In their search for materials for adaptive optical devices, researchers from ITMO University, who possess great experience in working with silicon metasurfaces, have joined forces with their colleagues from the University of Exeter in the UK, who have a lot of experience in working with phase-change materials. Among such materials is, for instance, the germanium antimony telluride (GeSbTe) compound, often used in DVDs.

"We've made calculations to see what this new composite material would look like," says Pavel Trofimov, PhD student at the Department of Physics and Engineering. "We have an inclusion of GeSbTe embedded as a thin layer between two layers of silicon. It's a sort of sandwich: first we coat a blank substrate with silicon, then put on a layer of phase-change material, and then some more silicon."

Then, using the methods of e-beam lithography, the scientists converted the layered structure into a metasurface: an array of microscopic disks that was then tested at the laboratory on the subject of its ability to manipulate light. As the researchers expected, the combination of two materials into a complex periodic structure resulted in an important effect: the resulting surface's transparency level could be changed throughout the experiment. The reason is that a silicon disk in the near-infrared region has two optical resonances, allowing it to strongly reflect IR beams directed onto its surface. The layer of GeSbTe has made it possible to "switch off" one of the two resonances, making the disk nearly transparent to light in the near-infrared region.

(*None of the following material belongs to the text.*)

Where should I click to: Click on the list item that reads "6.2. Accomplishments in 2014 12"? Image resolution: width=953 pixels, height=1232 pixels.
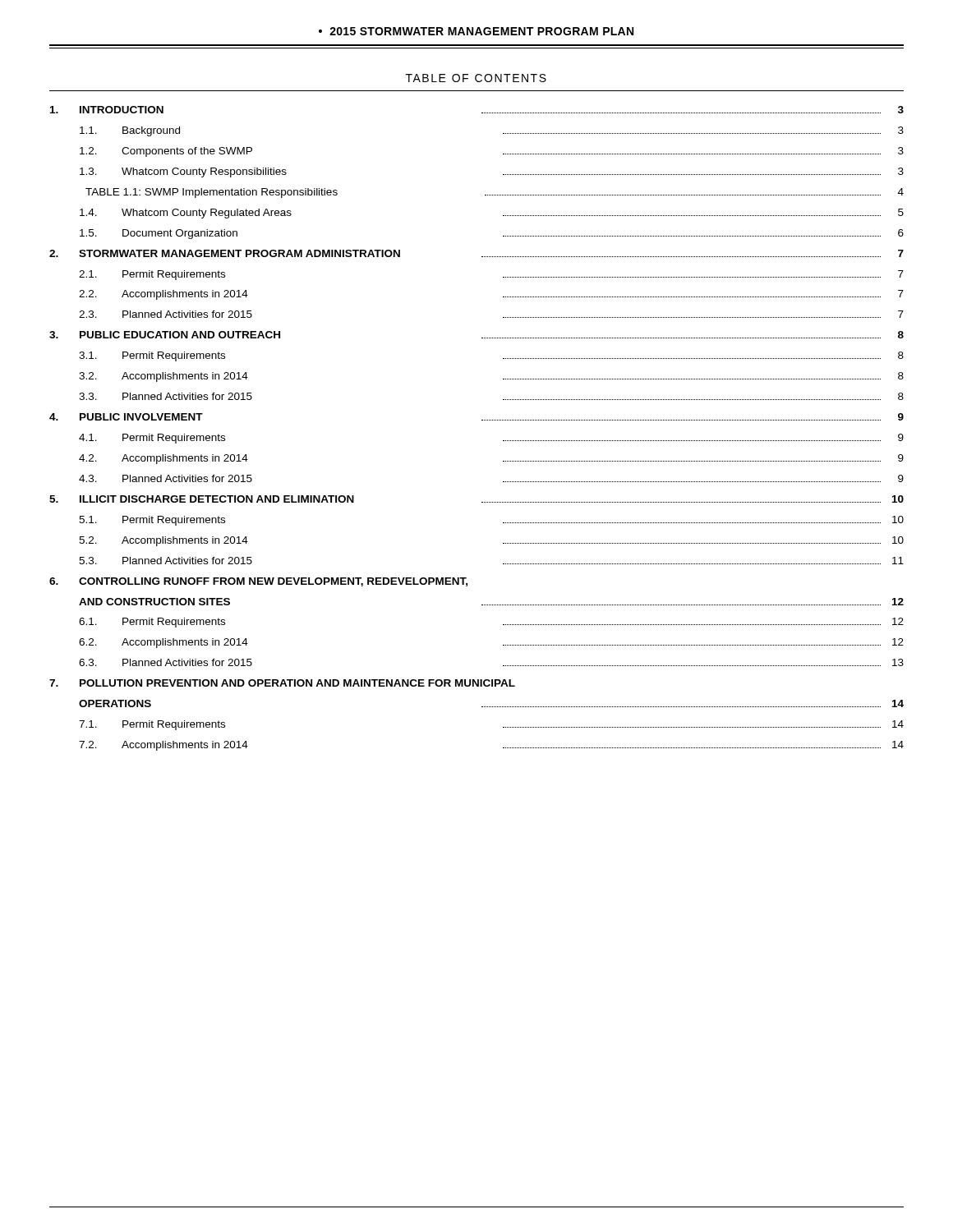tap(183, 643)
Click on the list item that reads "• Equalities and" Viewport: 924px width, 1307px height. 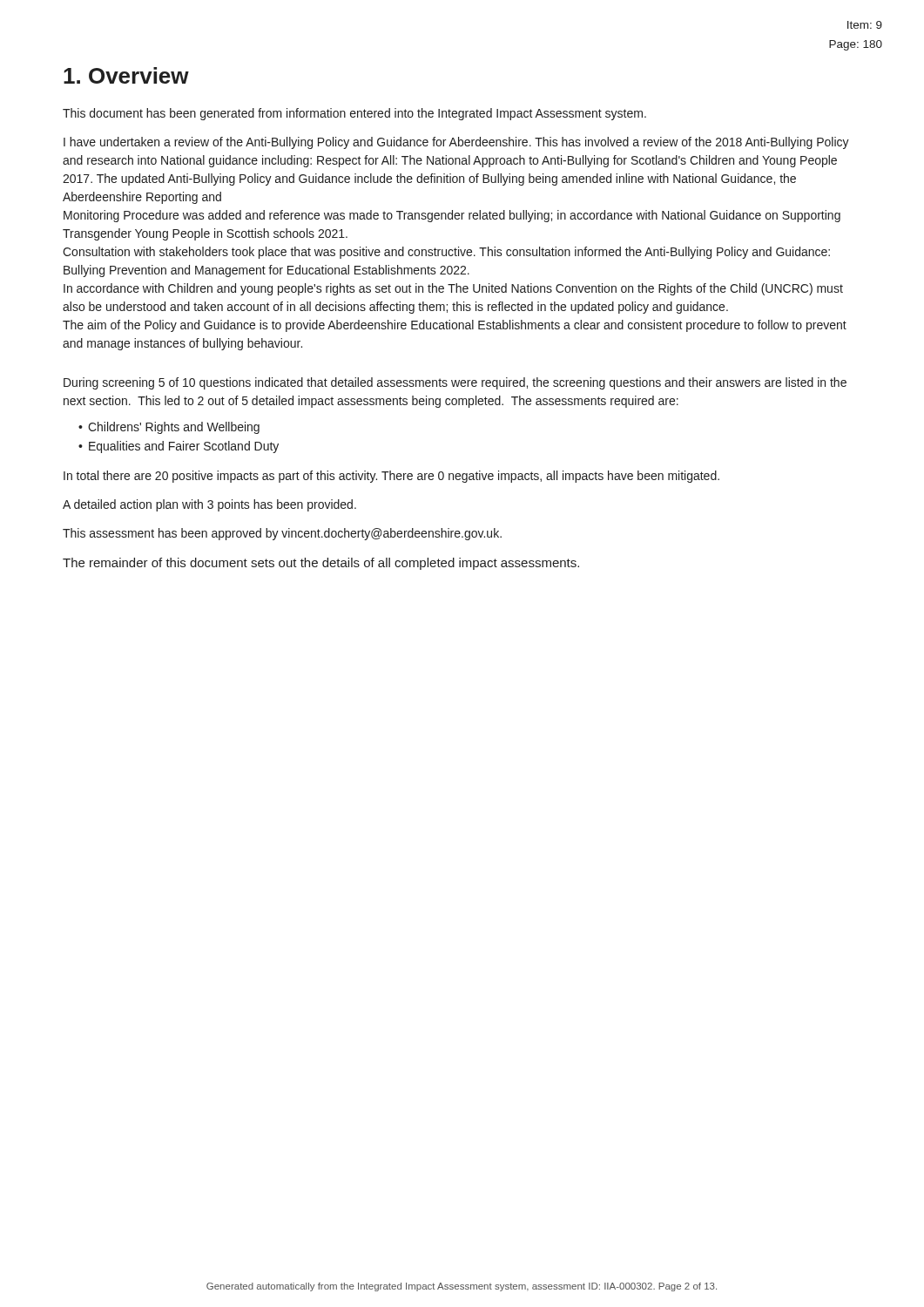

Phase-change materials have two states: a crystalline state in which its molecules are positioned in an ordered structure, and an amorphous state. If the layer of GeSbTe at the center of the metamaterial is in the crystalline state, the second resonance will disappear; if it is in the amorphous state, the disk will continue to reflect IR beams.

"To switch between the two metasurface states, we've used a sufficiently powerful pulse laser," explains Pavel Trofimov. "By focusing the laser on our disk, we're able to perform the switch relatively quickly. A short laser pulse heats up the GeSbTe layer nearly to the melting point, after which it quickly cools down and becomes amorphous. If we subject it to a series of short pulses, it cools down more slowly, settling into a crystalline state."

The properties of this new metasurface can be used for various applications. That includes, first and foremost, the creation of lidars - devices that scan spaces by emitting infrared pulses and receiving the reflected beams. The principle of their creation can also serve as the basis in the production of special ultra-thin photographic lenses, such as ones used in phone cameras.